***** Entries shown *****
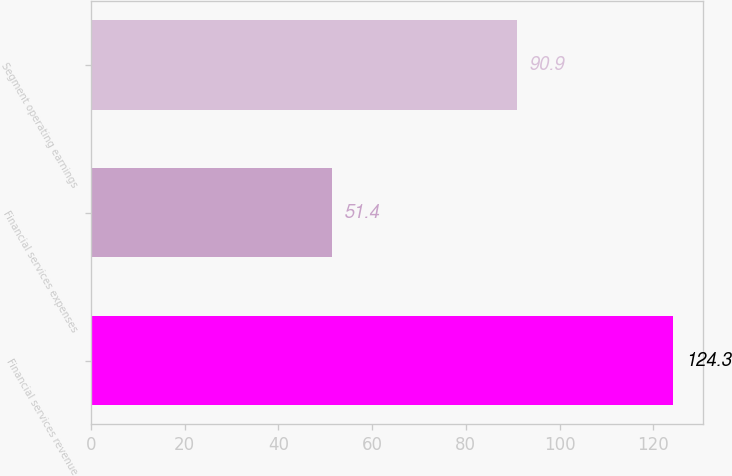Convert chart to OTSL. <chart><loc_0><loc_0><loc_500><loc_500><bar_chart><fcel>Financial services revenue<fcel>Financial services expenses<fcel>Segment operating earnings<nl><fcel>124.3<fcel>51.4<fcel>90.9<nl></chart> 
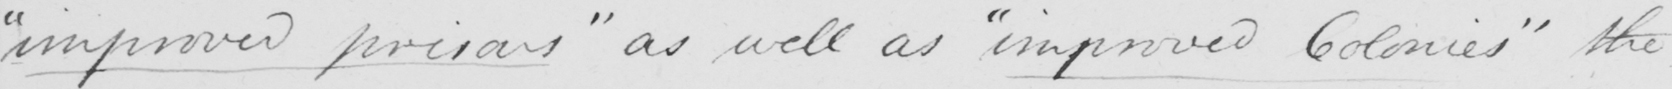Please transcribe the handwritten text in this image. " improved prisons "  as well as  " improved Colonies "  the 
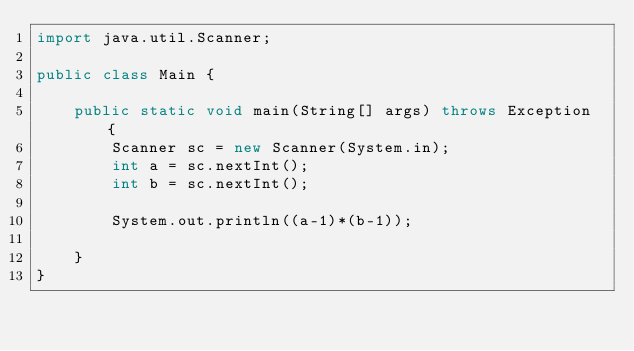<code> <loc_0><loc_0><loc_500><loc_500><_Java_>import java.util.Scanner;

public class Main {

	public static void main(String[] args) throws Exception {
		Scanner sc = new Scanner(System.in);
		int a = sc.nextInt();
		int b = sc.nextInt();
		
		System.out.println((a-1)*(b-1));
		
	}
}</code> 
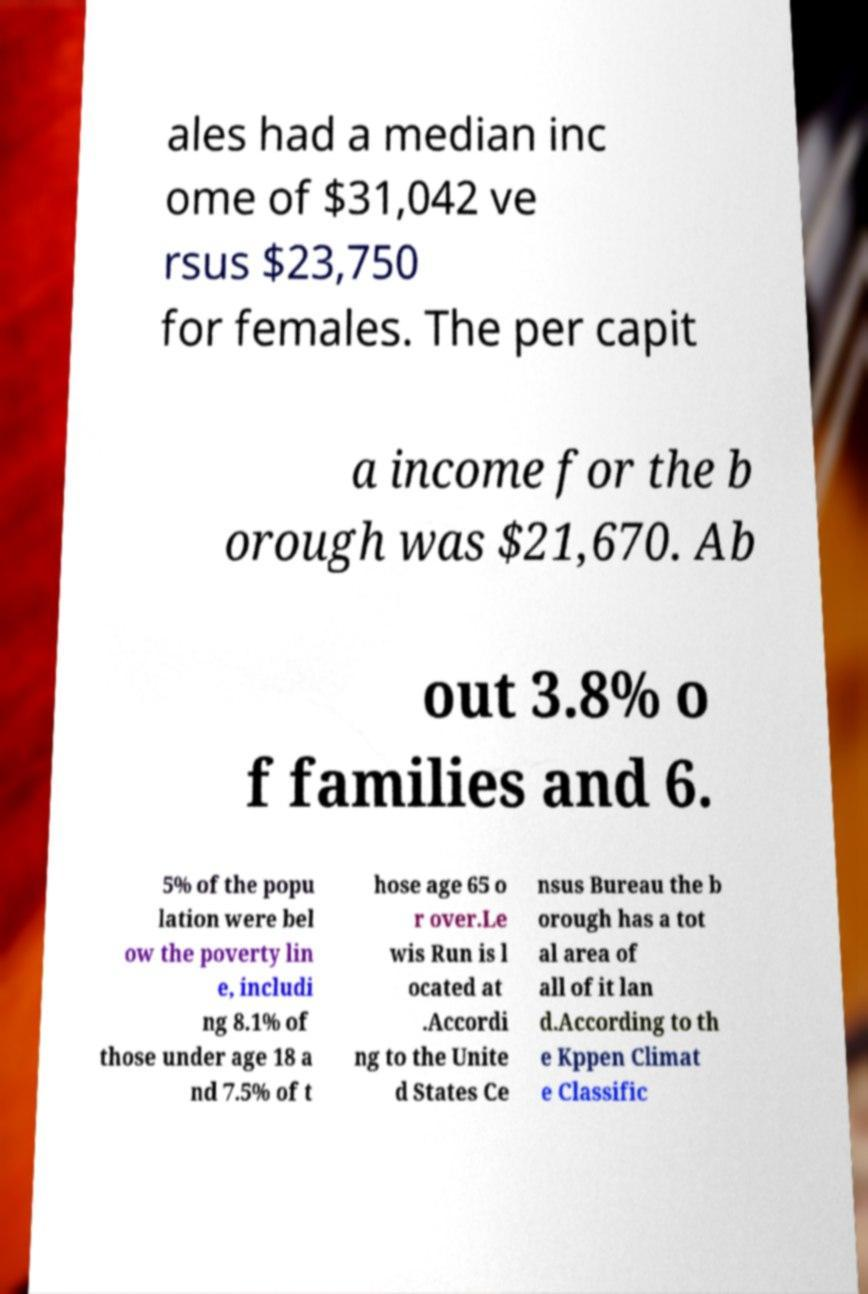Could you extract and type out the text from this image? ales had a median inc ome of $31,042 ve rsus $23,750 for females. The per capit a income for the b orough was $21,670. Ab out 3.8% o f families and 6. 5% of the popu lation were bel ow the poverty lin e, includi ng 8.1% of those under age 18 a nd 7.5% of t hose age 65 o r over.Le wis Run is l ocated at .Accordi ng to the Unite d States Ce nsus Bureau the b orough has a tot al area of all of it lan d.According to th e Kppen Climat e Classific 
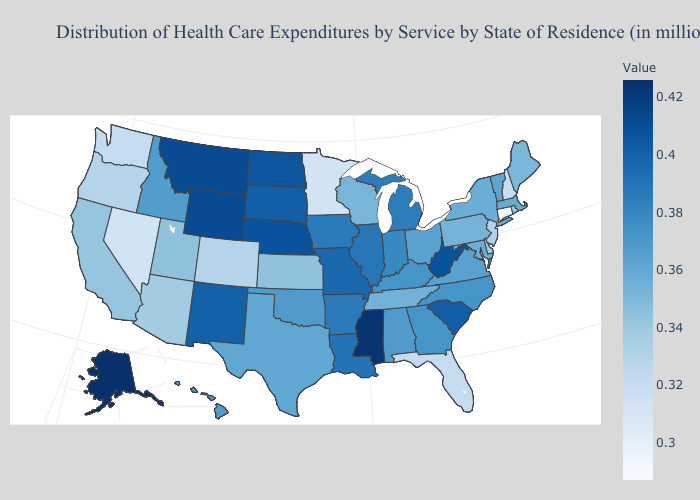Among the states that border Minnesota , does North Dakota have the highest value?
Be succinct. Yes. Does Nebraska have the highest value in the MidWest?
Answer briefly. Yes. Does the map have missing data?
Be succinct. No. Does North Dakota have the highest value in the USA?
Concise answer only. No. Does Texas have the highest value in the South?
Short answer required. No. Does Maine have a higher value than Oregon?
Be succinct. Yes. 
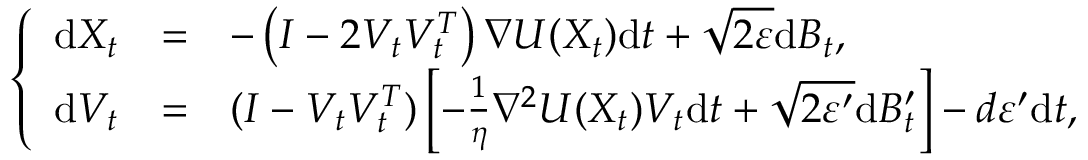<formula> <loc_0><loc_0><loc_500><loc_500>\left \{ \begin{array} { l l l } { d X _ { t } } & { = } & { - \left ( I - 2 V _ { t } V _ { t } ^ { T } \right ) \nabla U ( X _ { t } ) d t + \sqrt { 2 \varepsilon } d B _ { t } , } \\ { d V _ { t } } & { = } & { ( I - V _ { t } V _ { t } ^ { T } ) \left [ - \frac { 1 } \eta \nabla ^ { 2 } U ( X _ { t } ) V _ { t } d t + \sqrt { 2 \varepsilon ^ { \prime } } d B _ { t } ^ { \prime } \right ] - d \varepsilon ^ { \prime } d t , } \end{array}</formula> 
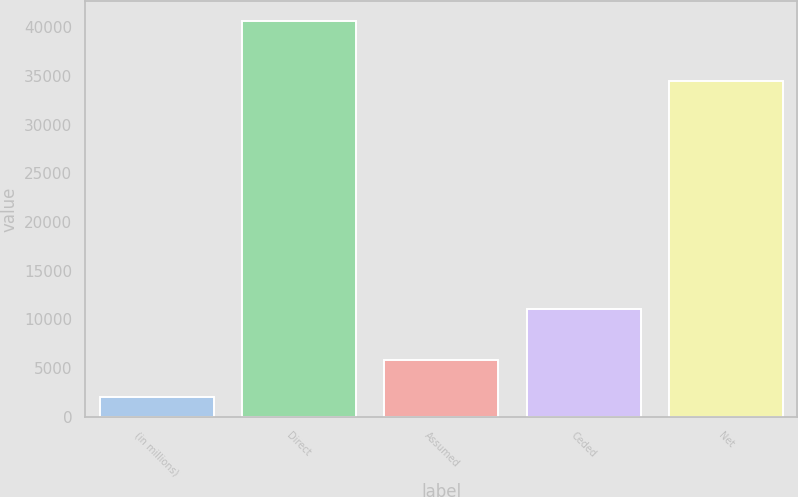Convert chart to OTSL. <chart><loc_0><loc_0><loc_500><loc_500><bar_chart><fcel>(in millions)<fcel>Direct<fcel>Assumed<fcel>Ceded<fcel>Net<nl><fcel>2012<fcel>40647<fcel>5875.5<fcel>11054<fcel>34493<nl></chart> 
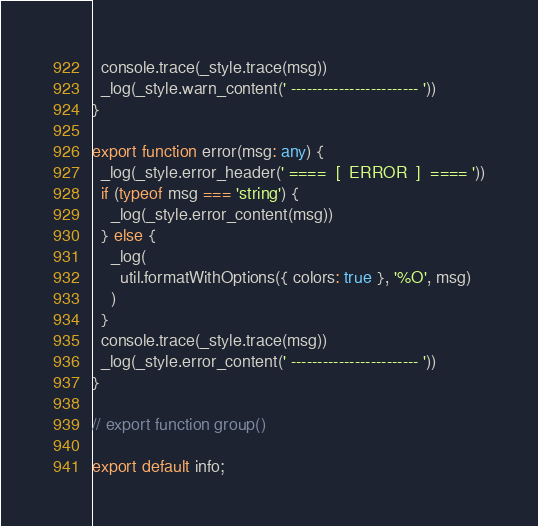Convert code to text. <code><loc_0><loc_0><loc_500><loc_500><_TypeScript_>  console.trace(_style.trace(msg))
  _log(_style.warn_content(' ------------------------ '))
}

export function error(msg: any) {
  _log(_style.error_header(' ====  [  ERROR  ]  ==== '))
  if (typeof msg === 'string') {
    _log(_style.error_content(msg))
  } else {
    _log(
      util.formatWithOptions({ colors: true }, '%O', msg)
    )
  }
  console.trace(_style.trace(msg))
  _log(_style.error_content(' ------------------------ '))
}

// export function group()

export default info;</code>
*****
_Assigned task:_
Please repeat, with no pictures, each line from the start of the records above through the line with "public static void", inclusive, and only those.

_Response box:_
Convert chart to OTSL. <chart><loc_0><loc_0><loc_500><loc_500><bar_chart><fcel>Financial services revenue<fcel>Financial services expenses<fcel>Segment operating earnings<nl><fcel>124.3<fcel>51.4<fcel>90.9<nl></chart> 
Please transcribe the handwritten text in this image. " improved prisons "  as well as  " improved Colonies "  the 
<code> <loc_0><loc_0><loc_500><loc_500><_Java_>import java.util.Scanner;

public class Main {

	public static void main(String[] args) throws Exception {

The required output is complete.